Over the years, they have made more permanent figures out of fiberglass, but I fondly recall their large scale papier mache heads and figures and have been transfixed by them.

It is like some sort of moving fun house...awesome.

Wish I had more time for Papier Mache work. It is messy and time consuming but overall makes for fantastic results.

S


----------



## Hecate (Aug 25, 2004)

WOW! I can empathize, my skeleton and corpse groundbreakers died after 2 seasons, rain is really hard on them even if you try to coat them with weatherproofing.


----------



## SkellyCat (Oct 30, 2008)

Wow! Those are so great. Hope you get a chance to make more next year....what a wonderful talent you have.


----------



## Dan Monster Man (Oct 23, 2009)

Both of those projects are magnificent. It' s a shame to hear that they died. Still better to have lived, been photographed and died, than not made at all. Definitely try to find the time to do more paper mache. You are a natural!
Dan


----------



## pahvog (Oct 21, 2009)

Thanks Dan -

I love to work in Papier Mache when time allows...this year was too busy...sadly, BUT there's always NEXT year!!!! ;-)


----------



## pumpkin1 (Oct 12, 2008)

I really love these. We are still finishing our Halloween decorations. My son still wants me to use the Joker batman picture I drew last year as this year's pumpkin template


----------



## pahvog (Oct 21, 2009)

Haven't had time to decorate outside yet. This weekend for sure! Joker Pumpkin Template sounds COOL!


----------



## pumpkin1 (Oct 12, 2008)

*Joker Template*

You can see the rough guide picture I drew in my profile but I had to adapt it a bit for our pumpkin. I'm going to try and take a photo this year. Also, ignore that Digg thing. I can't seem to get rid of it but I don't think it is active. I don't even know how it got into my posts.


----------



## octoberist (Feb 8, 2007)

I was just at Halloweentown last Saturday. Nice place. I bought one of their T-shirts.


----------



## pahvog (Oct 21, 2009)

Halloweentown is such a great haven for the other 364 days during the year when you need to feel Halloween-y in your soul. Such a great store and such a great atmosphere....


----------



## Guest (Oct 23, 2009)

WOW!!! THAT is AMAZING!!!!


----------



## propmistress (Oct 22, 2009)

I haven't done paper mache since art class in high school but I would love to learn how to do such amazing projects. 
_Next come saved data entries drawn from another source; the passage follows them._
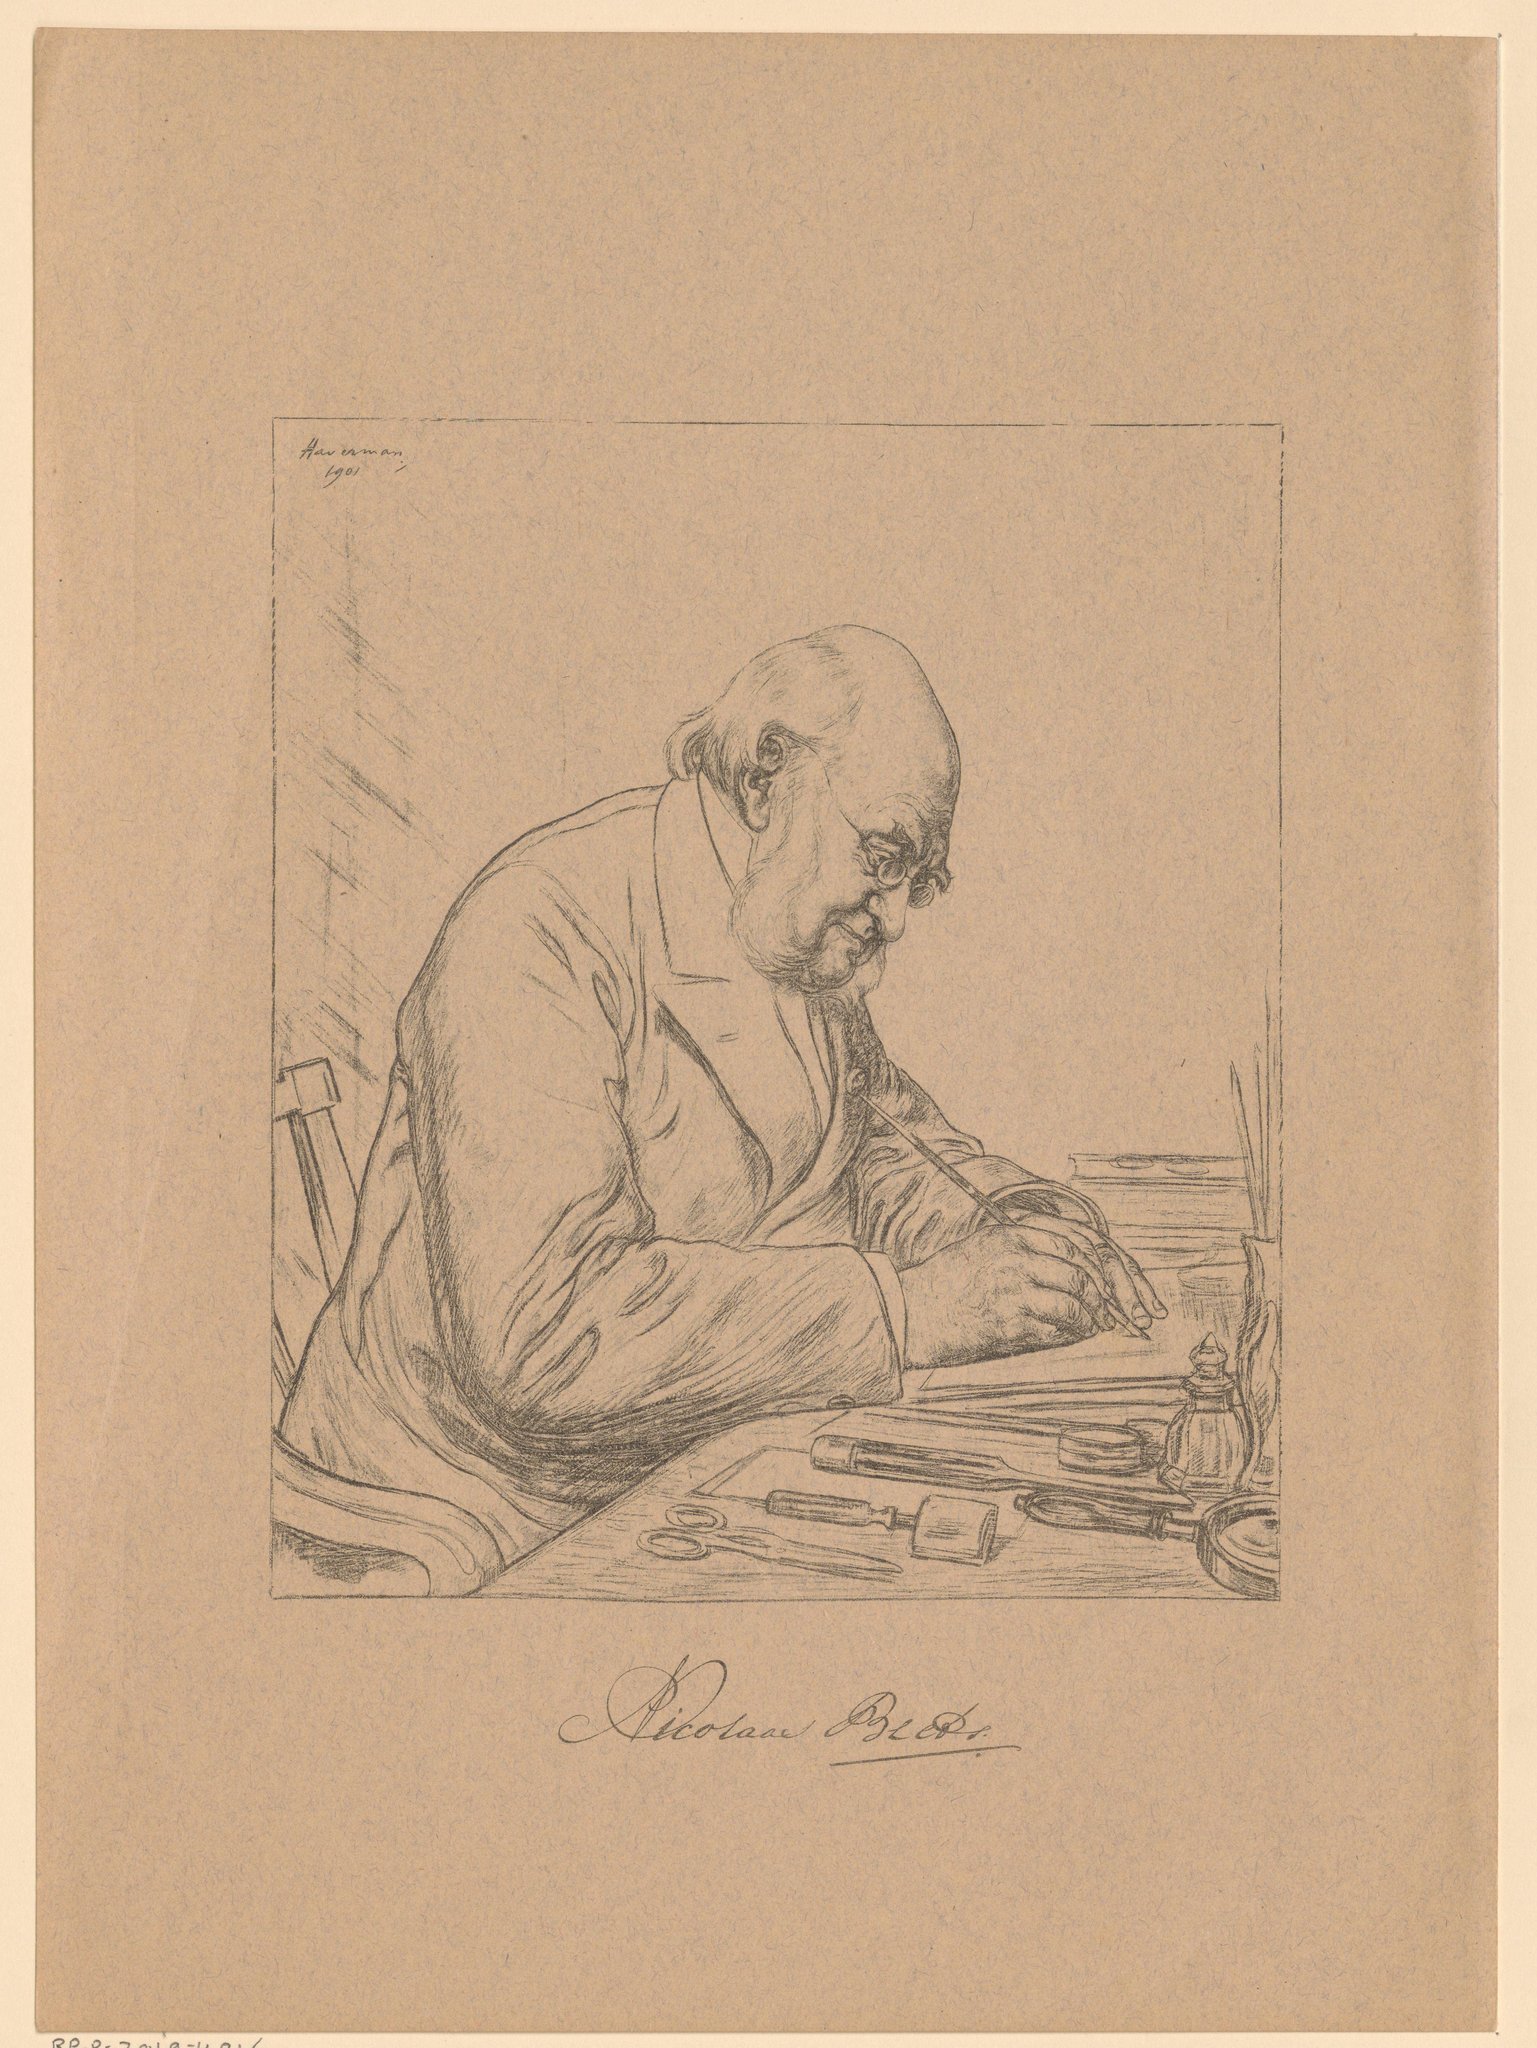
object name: print
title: Portret van Nicolaas Beets
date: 1901-1910
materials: paper
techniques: lithograph
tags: haarlem, utrecht, nicolaas beets, writing-table, writing-desk, historical persons, writer, poet, author

Please forgive me if these are stupid questions:
Would using additional metal mesh or chicken wire help? 
After the project is done, can you clear coat/resin/ or fiberglass the hell out of it to keep it together?

I only ask because I live in Glendale and I don't want my (sad and poorly done) projects next year to get destroyed by the Santa Anas.


----------



## pahvog (Oct 21, 2009)

Hey Proopmistress!

You are right down the street from me in Highland Park!
So in answer to your questions:

a.) The mesh was helpful until the wind blew between the shell and the wire and then - pop- off it came! The papier mache never really STICKS to the chicken wire.
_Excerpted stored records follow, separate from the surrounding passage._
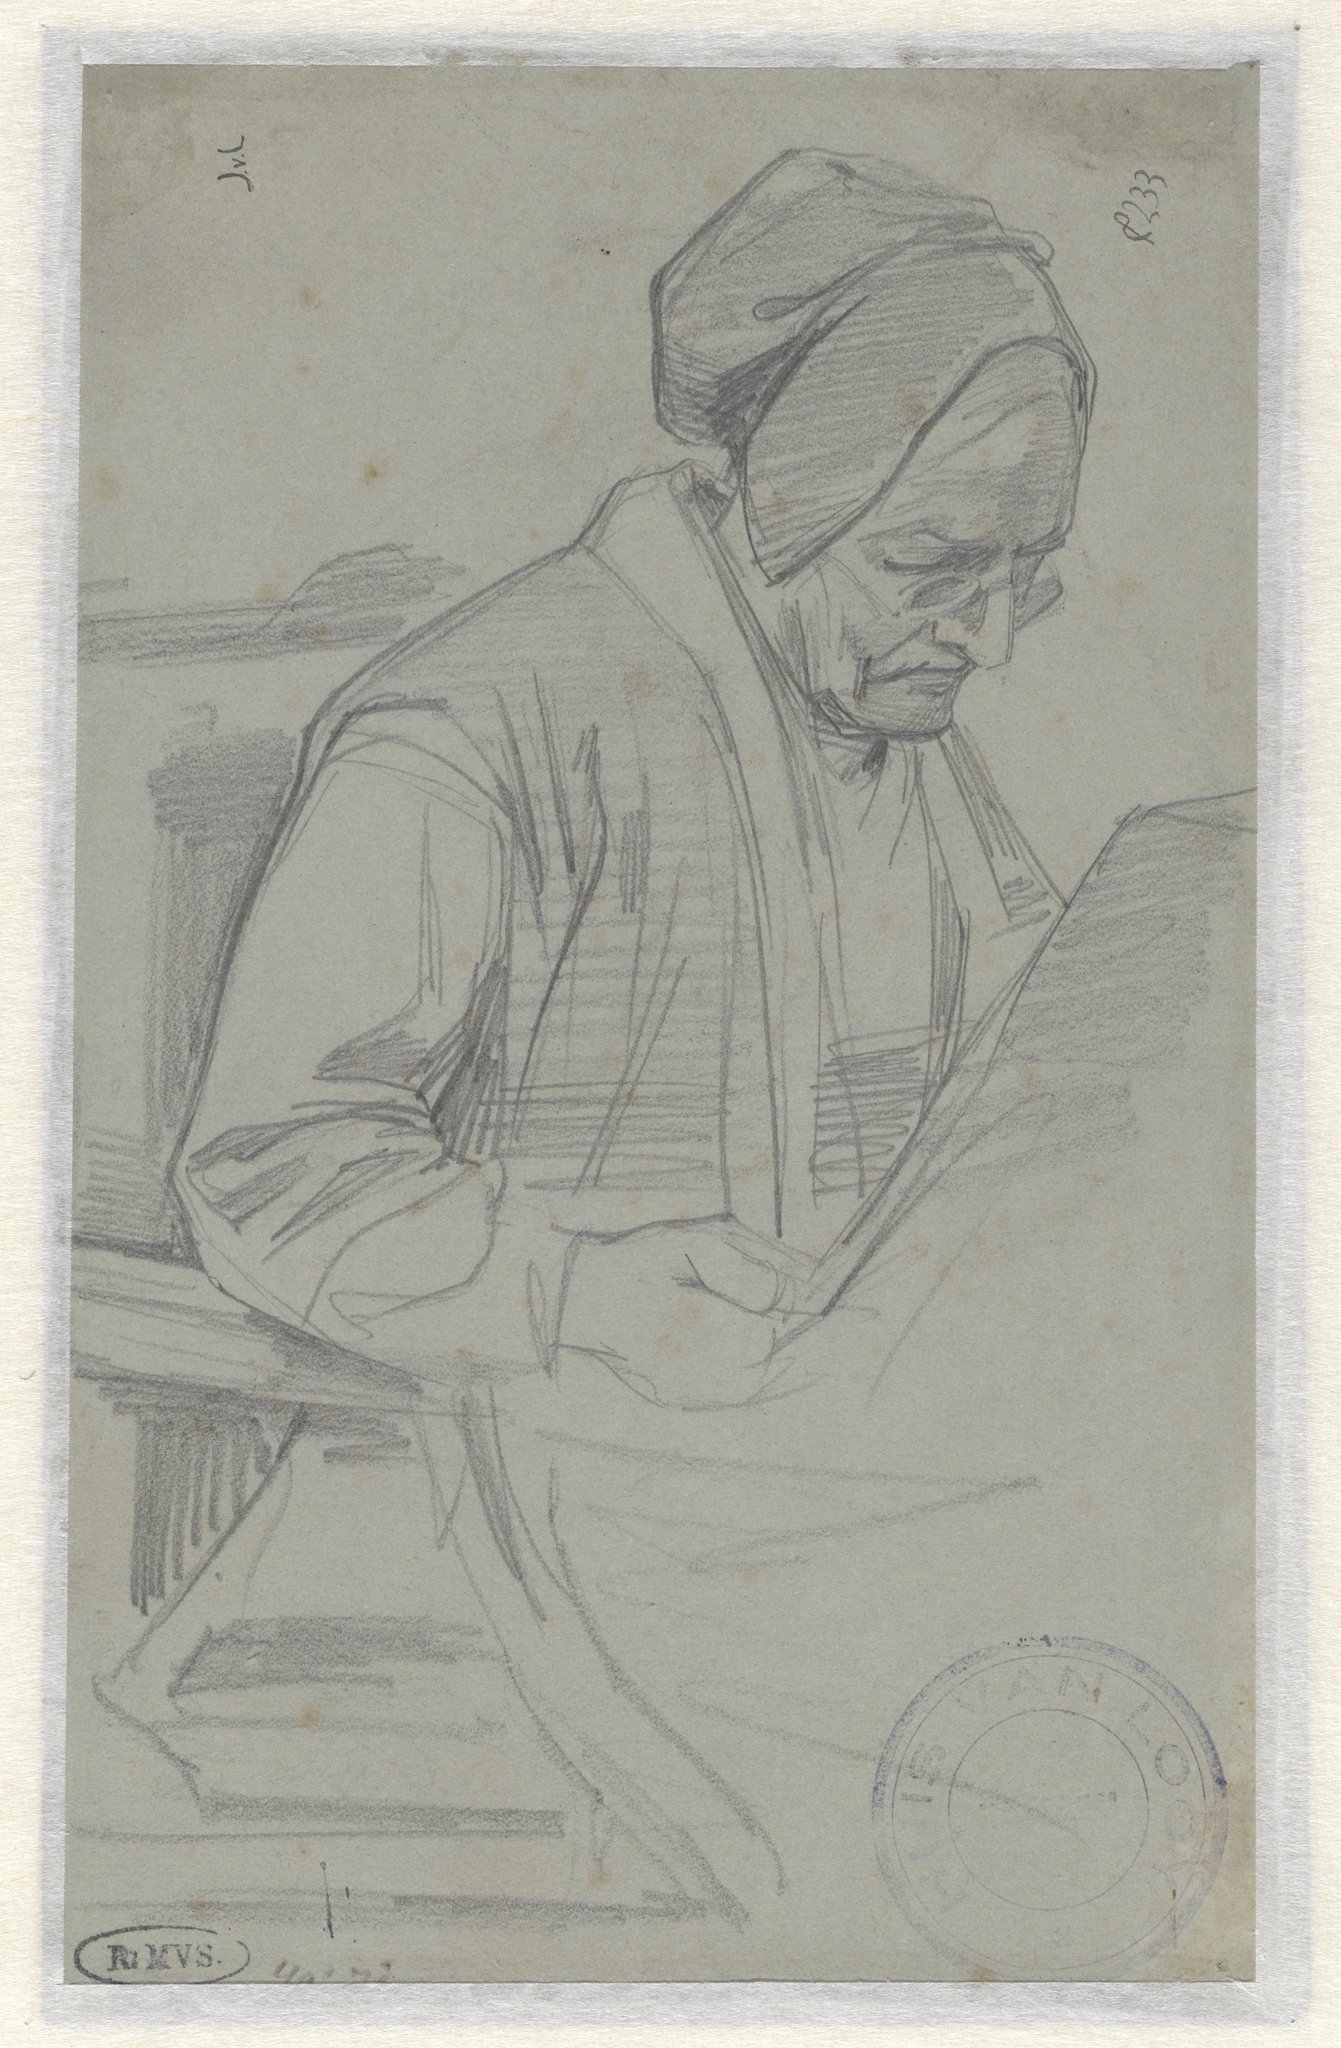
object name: drawing
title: Zittende lezende oude vrouw
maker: jac van looij
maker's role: draughtsman, painter, print maker
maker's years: 1855-1930
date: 1865-1930
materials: paper, pencil
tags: reading

b.) You can PROBABLY seal the piece with something like Thompson's Water Seal, but as I recall it was like the chicken or the egg scenario. In order to REALLY seal the paper, it should be done BEFORE painting....HOWEVER, once you seal it, paint doesn't stick to it! UGH

You might be able to seal it AFTER painting, but if there is any unsealed area, the water WILL get in and cause rotting and molding...

I still love the medium, though and would use it again in a heartbeat.


----------



## pahvog (Oct 21, 2009)

Sorry Propmistress....misspelling....


----------



## a witch from canada (Jul 13, 2005)

oh so sad they died because they wore AMAZING WOW WOW WOW !!!!, such talent you have .


----------



## a witch from canada (Jul 13, 2005)

oups sorry double post internet is slow tonight and freezes up on me


----------



## UCIooBAkeeP (Oct 18, 2009)

how do you make the paper mache that is all ripped up so you can make like a nose or what not. do you buy it that way or make your own? 

sorry a little off subject but not too far since the giants are some awesome paper mache!


----------



## pahvog (Oct 21, 2009)

A nose to wear??? Well, first of all, I do make all of my own Papier Mache. I mix White Glue with water and then add white flour. I mix it by eye but when the liquid coats my fingers evenly I use it.

I use heavy paper for foundations, then newspaper, then pages from the phone book to finish it off.

If I need large smooth areas I use Celluclay or Sculptamold which can be sanded when it dries.

If I want it SUPER SMOOTH, I use spackling compound over the dry papier mache and sand, sand, sand....

Does that help?


----------